# Subwoofer Gain - DO IT NOW!



## tanktronic (Jul 7, 2006)

Friends,

I know this topic has been addressed before, and there's a thread on LS1GTO.com that has a fine how-to with pictures, but you absoutely MUST adjust your subwoofer gain if you haven't already. 

Judging by the "What I don't like about my GTO" posts today, I think there's a lot of people who drove the car off the lot, popped in their favorite disc, and were - well - underwhelmed. It doesn't sound terrible, at least it's not distorted or boomy, but it just doesn't feel strong at all. Certainly not what you would expect from a $33,000 sports car. 

I can tell you that increasing the subwoofer gain on the amplifier [factory default is halfway] makes a noticeable difference in sound quality. The bass has much more presence, everything sounds more balanced at a higher volume, and the separation between frequencies is clearer. You still won't have a monster system, but it will sound a lot more satisfying. 

I will post pictures soon, but the basics are :

1) Take all the crap out of your trunk
2) Take off the spare tire cover
3) Notice that we have a pretty bad-ass looking spare wheel
4) Put your head in the trunk, almost touching your nose to the gas tank. Turn your head left, and you should be looking directly at two plastic plugs, in a line perpindicular from the trunk floor. These are "Christmas Tree" plastic fasteners.
5) You only need to remove these two plugs [takes a surprising amount of force, FYI] to pull back the carpet/insulation that covers the left side of your trunk space.
6) You'll notice, with the carpet gone, four screw heads in the exposed metal. These are the four screws that hold the amp in place.
7) You'll also notice that you can reach between where the amp is mounted and the sheet metal with your hand, you just gotta snake your arm back there.
8) Of course, they mounted the gain knob towards the front of the car. Once you feel the amp, slide your hand around to the front side of it, and you'll feel a knob about the size of a dime.
9) The knob is set in the middle [top] position. Turn it towards the outside of the car to increase the gain. 

The whole thing takes maybe 5 minutes, and you need a screwdriver or something to pry out the plastic clips. That's it. WELL worth the time. Most of you already know this, but if you haven't, you must do it now. 

It's a personal preference, but I found the best setup to be turning the gain to about 75% [between the 12 o'clock midpoint and 9 o'clock max], and setting your head unit to +1 bass and +3 treble. Any more bass than that and it starts getting muddy. 

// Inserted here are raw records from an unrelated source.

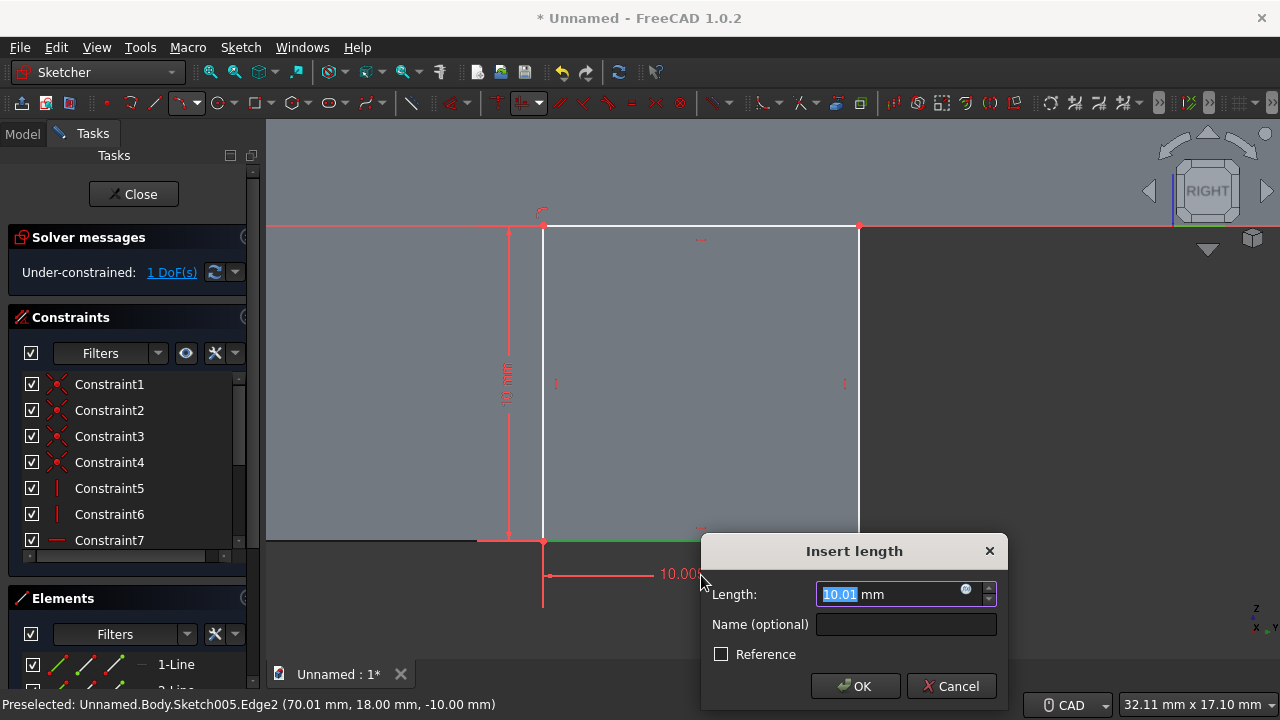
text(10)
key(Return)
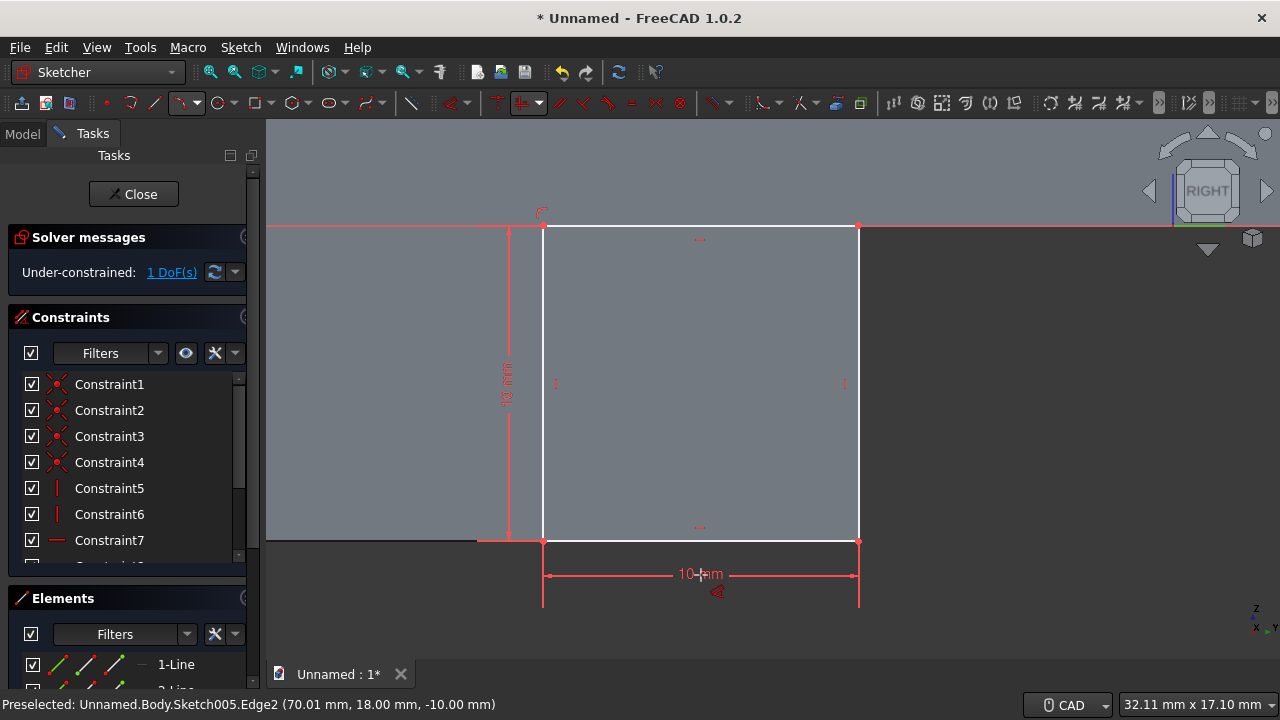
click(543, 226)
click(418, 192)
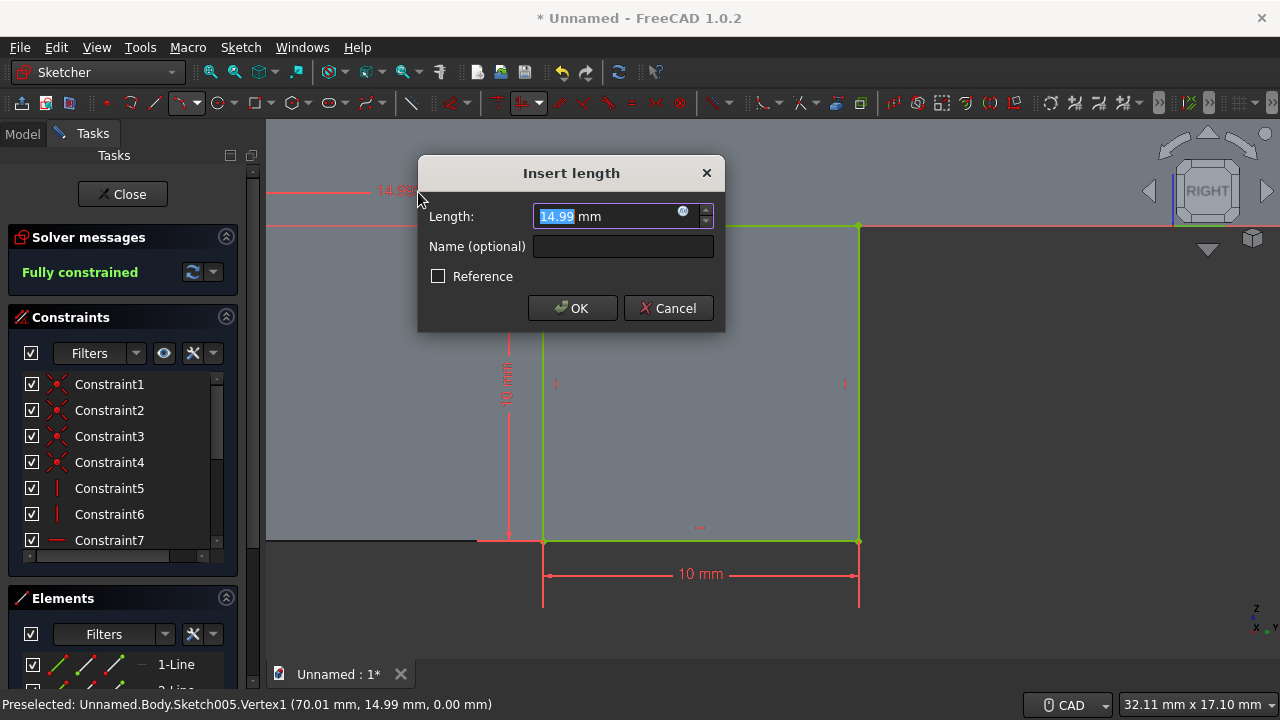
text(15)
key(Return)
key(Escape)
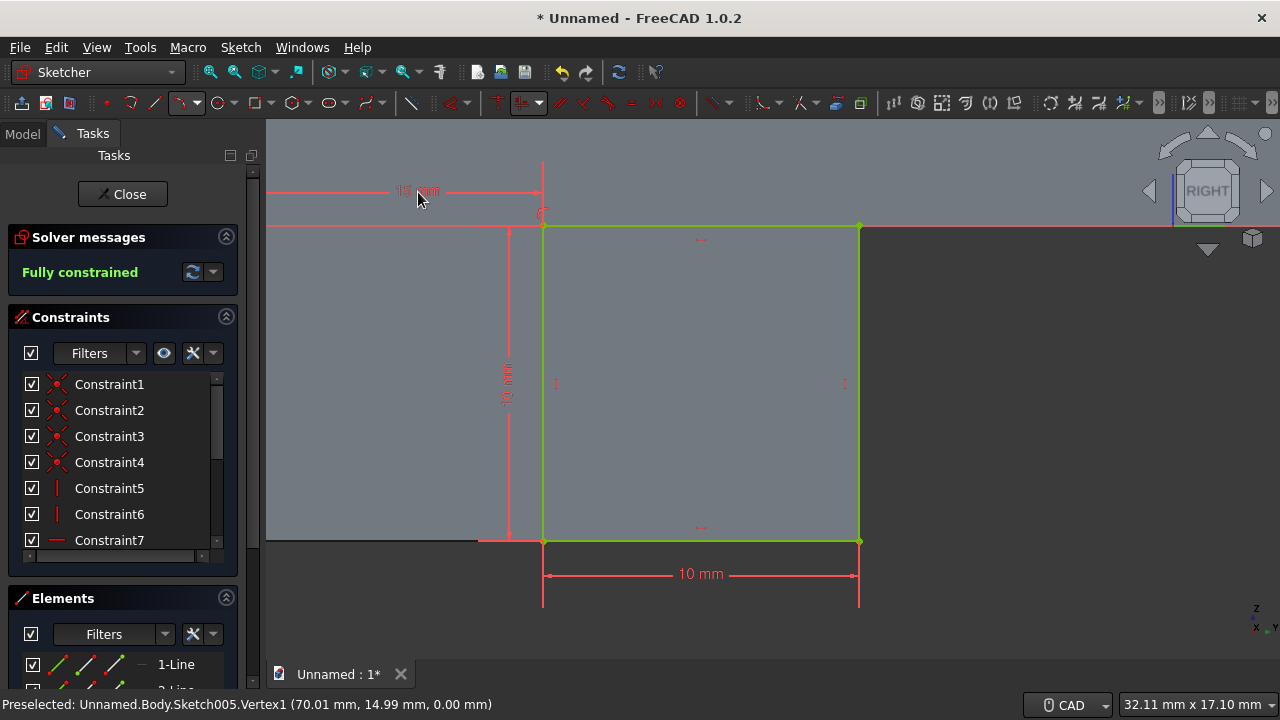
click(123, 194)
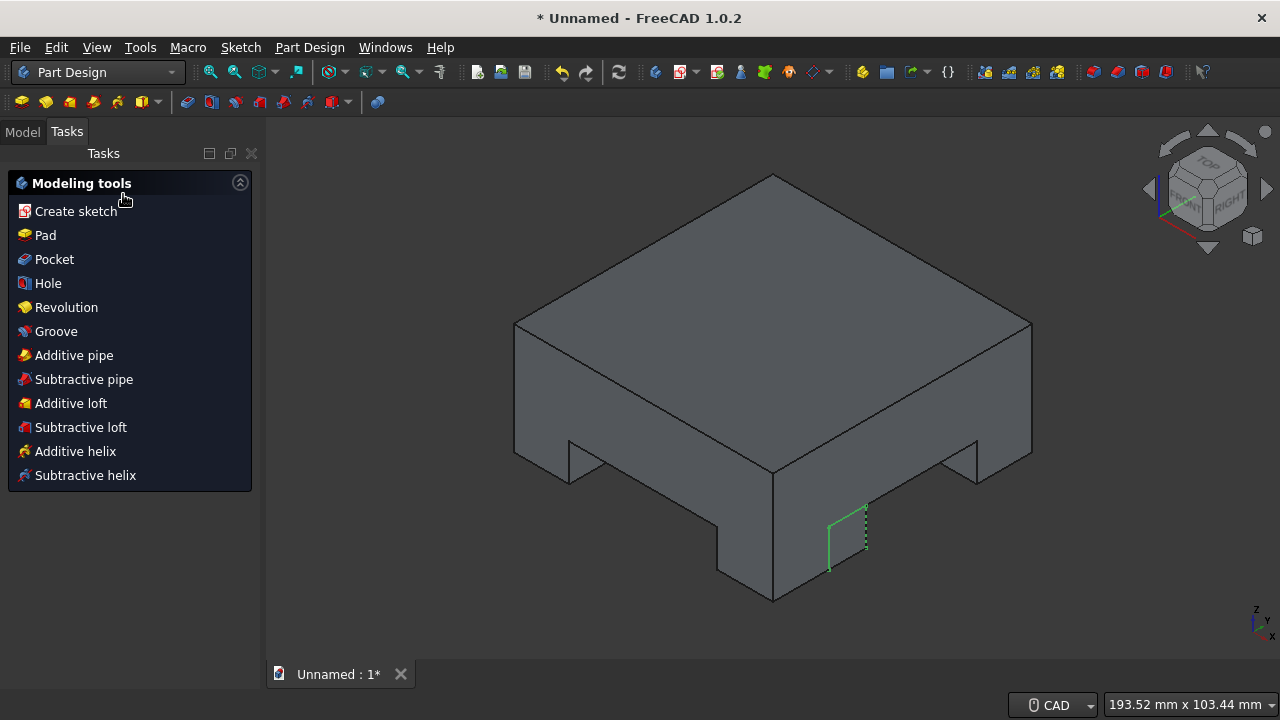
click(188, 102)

Hopefully this helps someone. I was pretty excited when I heard the difference ​


----------



## mlyon (Oct 7, 2006)

As soon as I get my GTO back from some warranty work on the struts done I am gonna do this, I just find a real problem with crisp highs which I think will best be fixed by getting new high quality speakers inside, at least 2 anyways


----------



## bigmac (Jul 9, 2006)

you wouldnt happen to have pics ?


----------



## CPO's GTO (Jul 1, 2006)

There used to be pics around here somewhere or on the Ls2 Forum.
I'll see if I can find the thread...

Here ya go...http://www.ls2gto.com/forums/showthread.php?t=8150&highlight=amplifier+pics

I don't recommend taking the amplifier out though...not necessary to reach the knob.


----------



## Route 66 (May 30, 2005)

And dont forget to turn off the distortion control also.


----------



## tanktronic (Jul 7, 2006)

66 is definitely right, I forgot to mention that in the settings. All it does is quiet and muddle the sound. Ironic, really.


----------



## poistb (Jul 5, 2007)

*superb difference*

I did it on mine as soon as I left the dealer last week. I am still however dissatisfied with the sound quality of the rest of the system.

I plan on replacing the rest of the speakers and am not sure whats installed from the factory. Are they seperates with woofers and tweeters all over? Are they combined speakers with tweeters attached? Where is the subwoofer? I don't want to pull the car apart until I buy what I want, but obviously want to make sure I utilize my options as best as possible.


----------